RE adoption to accelerate due to gas market volatility
Asia is expected to generate 831TWh of gas-fired power over the decade.
Gas market price volatility will compel new regions to speed up their adoption of renewable energy, according to a report by Fitch Solutions.
“In contrast to our outlook for coal, we highlight that lower carbon-emitting alternatives will rise in prominence, however despite many markets showing growth in the gas sector volatility will place pressure on the sector,” it said.
Fitch Solutions expect non-hydropower renewable capacity in the near term to continue its surge with an average annual global addition of 230 gigawatts (GW) between 2020 and 2024, from 141GW between 2016 and 2020.
Despite this, Asia is still expected to see the largest growth in gas-fired power output between 2022 and 2031 at 831 terawatt-hours (TWh), followed by the Middle East and North Africa (MENA) at 367TWh.
Fitch, however, stated that they expect markets in MENA to strengthen their efforts to cut domestic oil and gas consumption in the power sector and boost hydrocarbon experts in the near-to-medium term.

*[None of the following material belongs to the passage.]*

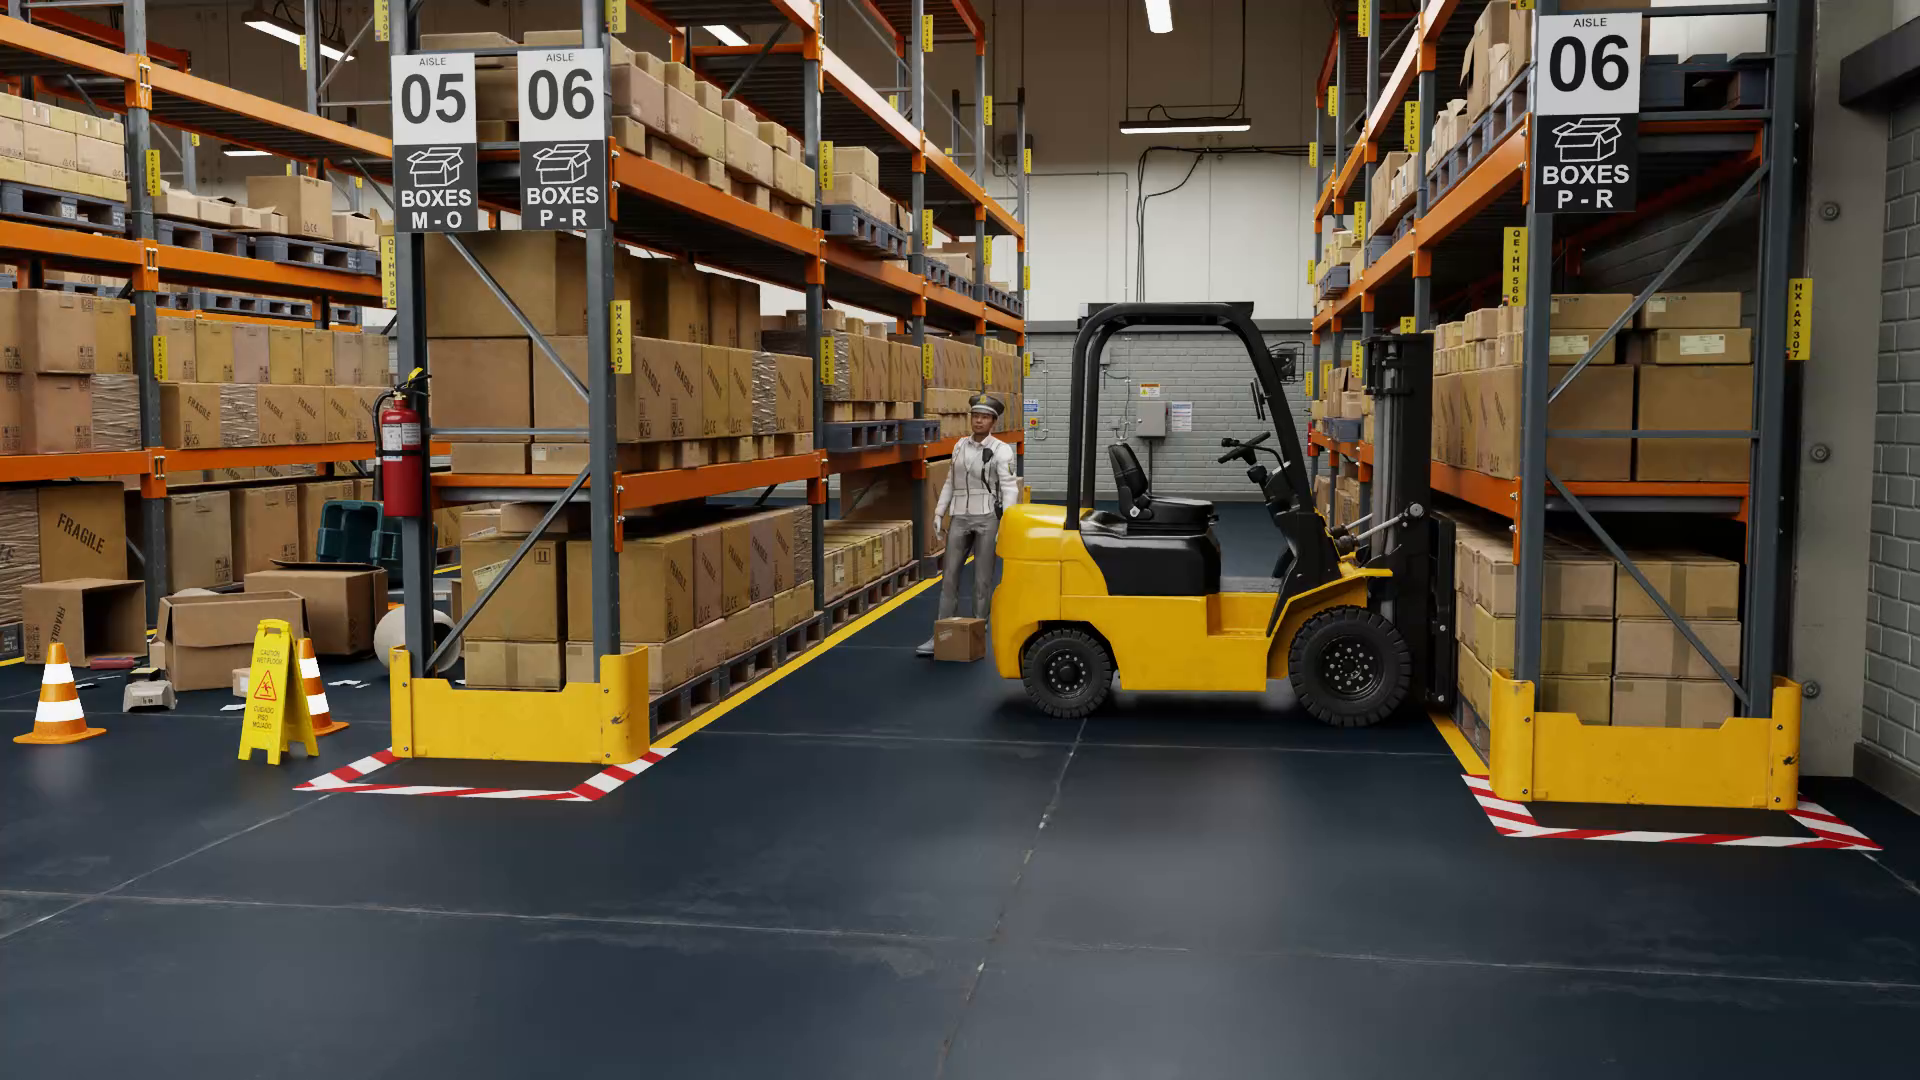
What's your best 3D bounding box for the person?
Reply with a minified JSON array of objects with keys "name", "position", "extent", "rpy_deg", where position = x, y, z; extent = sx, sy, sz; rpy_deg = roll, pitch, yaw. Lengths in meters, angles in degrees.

It added that the increased demand for non-Russian hydrocarbons in Western Europe along with high energy commodity prices will likely reinforce many MENA markets’ initiatives to reduce consumption of oil and gas, “weighing on conventional thermal power growth whilst supporting investment in non-hydropower renewables.”
Many key markets in MENA which include Egypt and the United Arab Emirates were amongst the fastest growing solar sectors globally.
“In general, rising gas prices cast doubt on the view that the sector will be used globally as a bridging fuel from coal to renewables,” it said.